━━━━━ INFORMATION GIVEN ━━━━━

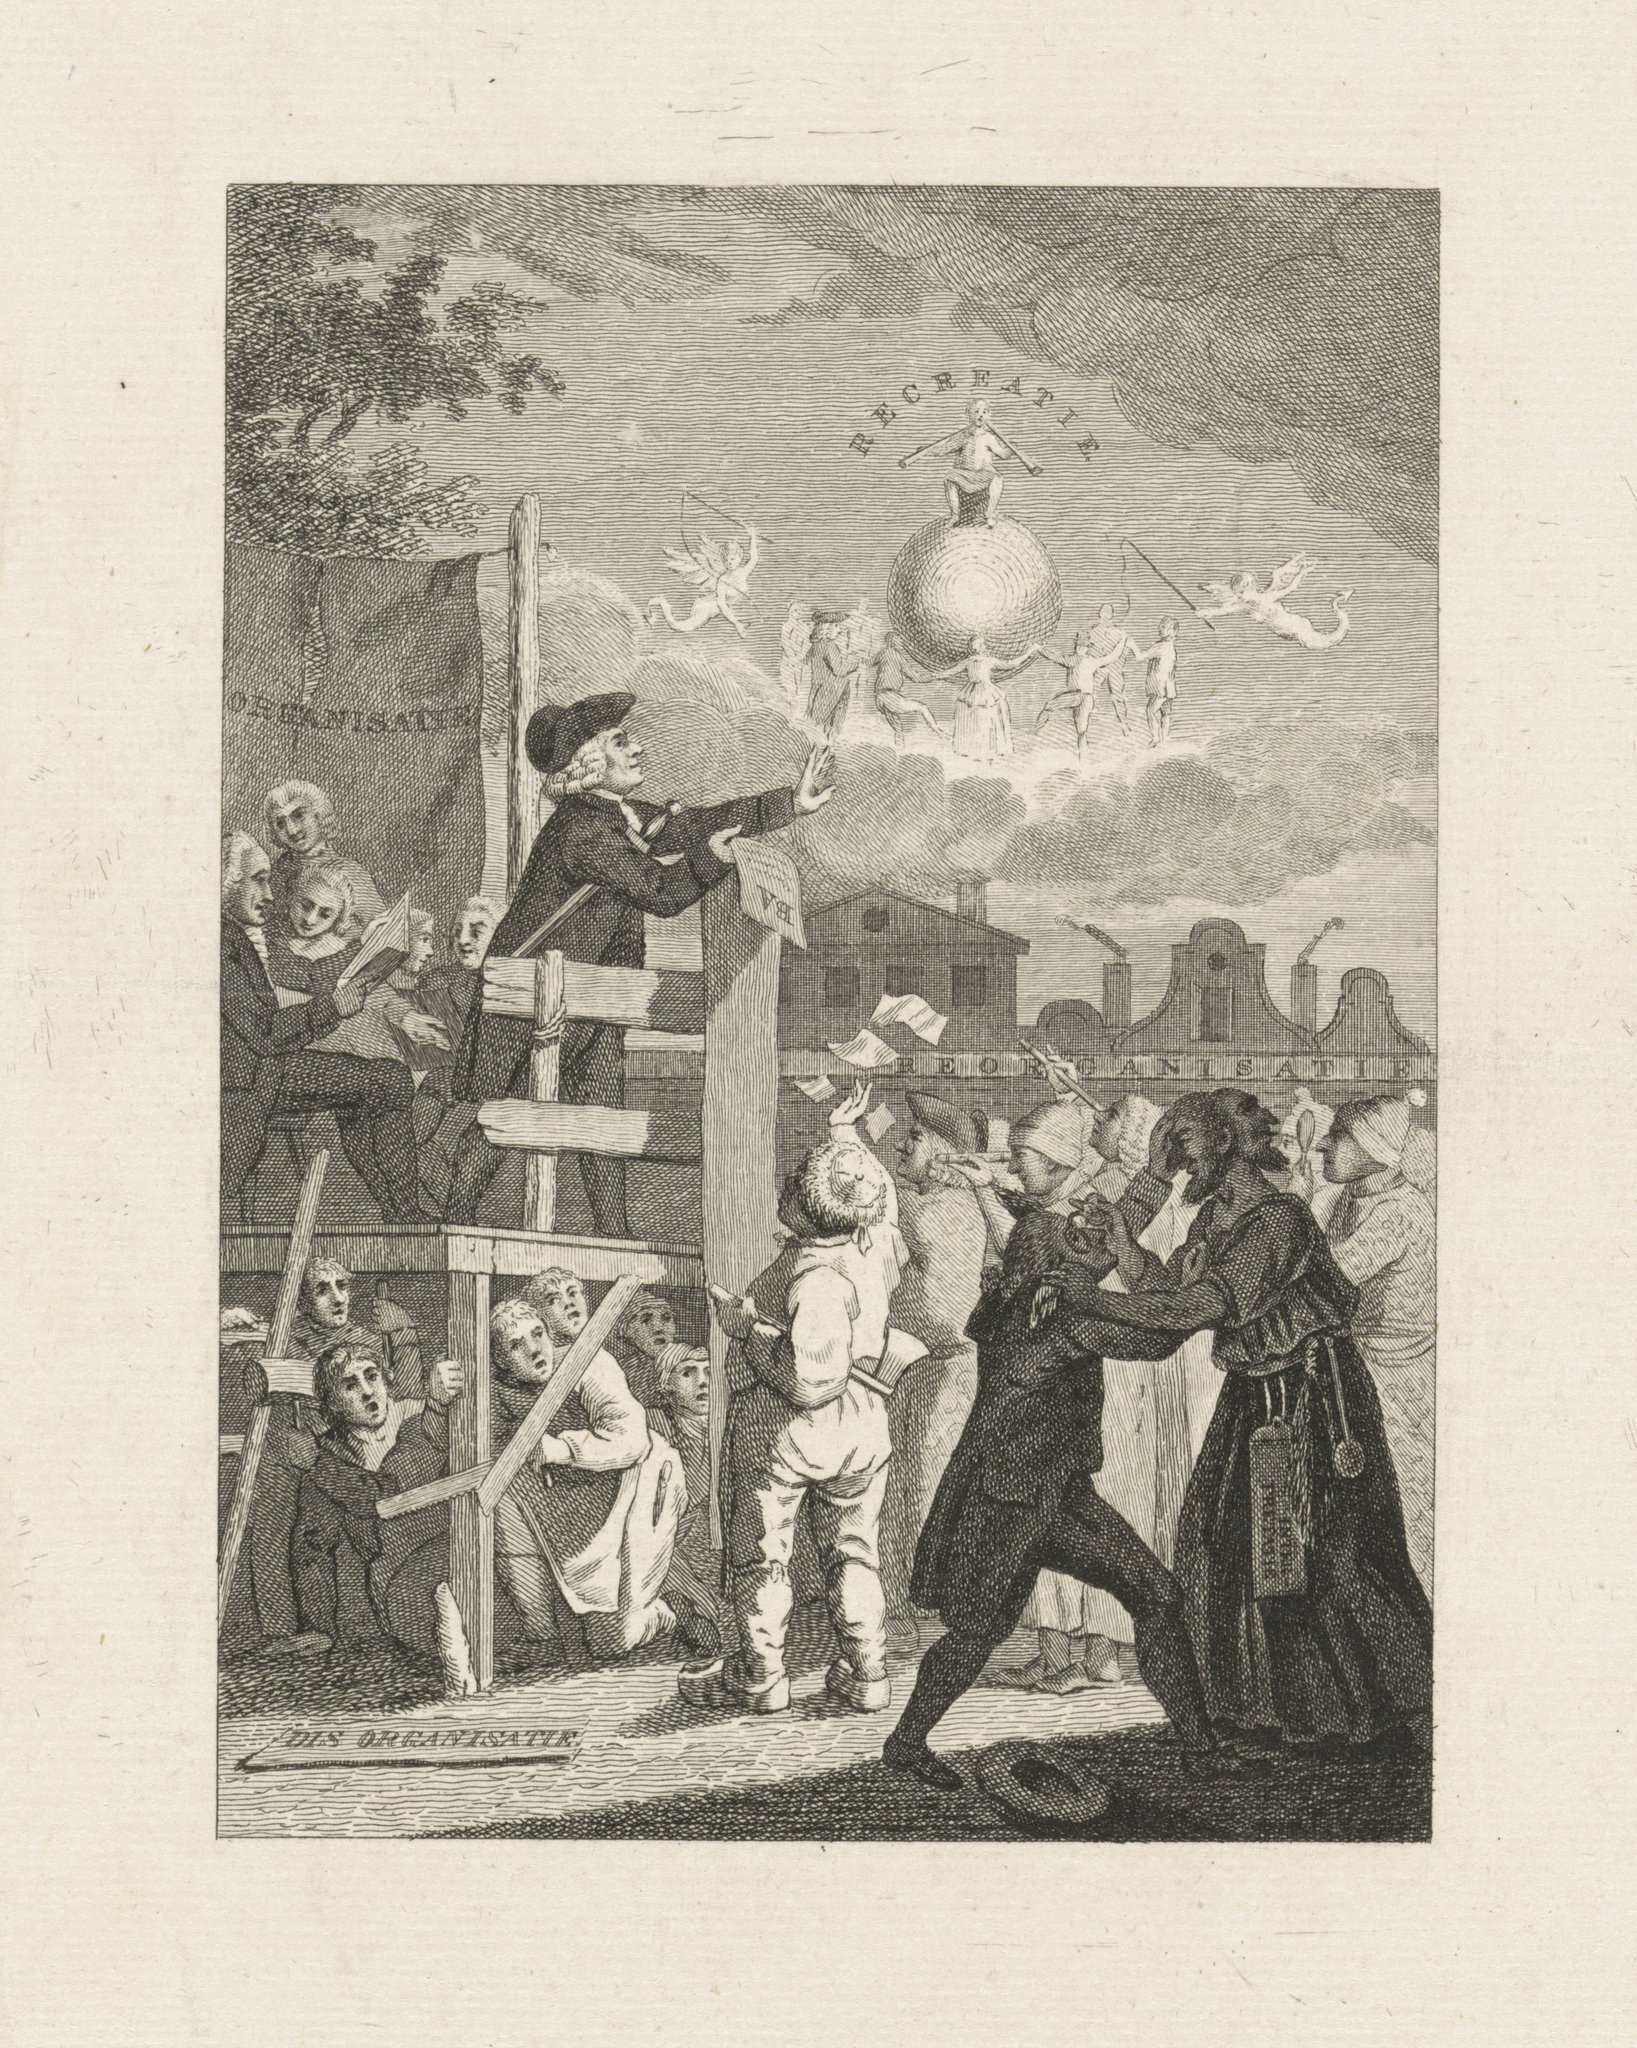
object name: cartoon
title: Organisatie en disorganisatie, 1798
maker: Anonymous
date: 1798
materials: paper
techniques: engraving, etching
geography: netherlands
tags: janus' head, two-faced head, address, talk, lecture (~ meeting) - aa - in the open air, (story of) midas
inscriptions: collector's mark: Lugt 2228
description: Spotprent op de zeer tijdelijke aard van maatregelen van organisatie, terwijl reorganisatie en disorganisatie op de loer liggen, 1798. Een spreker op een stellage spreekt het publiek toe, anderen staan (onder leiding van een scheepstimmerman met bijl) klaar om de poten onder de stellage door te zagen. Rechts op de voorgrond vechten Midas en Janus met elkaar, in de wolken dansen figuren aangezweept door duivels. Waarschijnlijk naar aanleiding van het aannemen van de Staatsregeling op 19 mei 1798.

━━━━━

* EXERCISE GOAL *
The entries are to be restated word for word, with pictures omitted.

* OUTPUT BELOW *
object name: cartoon
title: Organisatie en disorganisatie, 1798
maker: Anonymous
date: 1798
materials: paper
techniques: engraving, etching
geography: netherlands
tags: janus' head, two-faced head, address, talk, lecture (~ meeting) - aa - in the open air, (story of) midas
inscriptions: collector's mark: Lugt 2228
description: Spotprent op de zeer tijdelijke aard van maatregelen van organisatie, terwijl reorganisatie en disorganisatie op de loer liggen, 1798. Een spreker op een stellage spreekt het publiek toe, anderen staan (onder leiding van een scheepstimmerman met bijl) klaar om de poten onder de stellage door te zagen. Rechts op de voorgrond vechten Midas en Janus met elkaar, in de wolken dansen figuren aangezweept door duivels. Waarschijnlijk naar aanleiding van het aannemen van de Staatsregeling op 19 mei 1798.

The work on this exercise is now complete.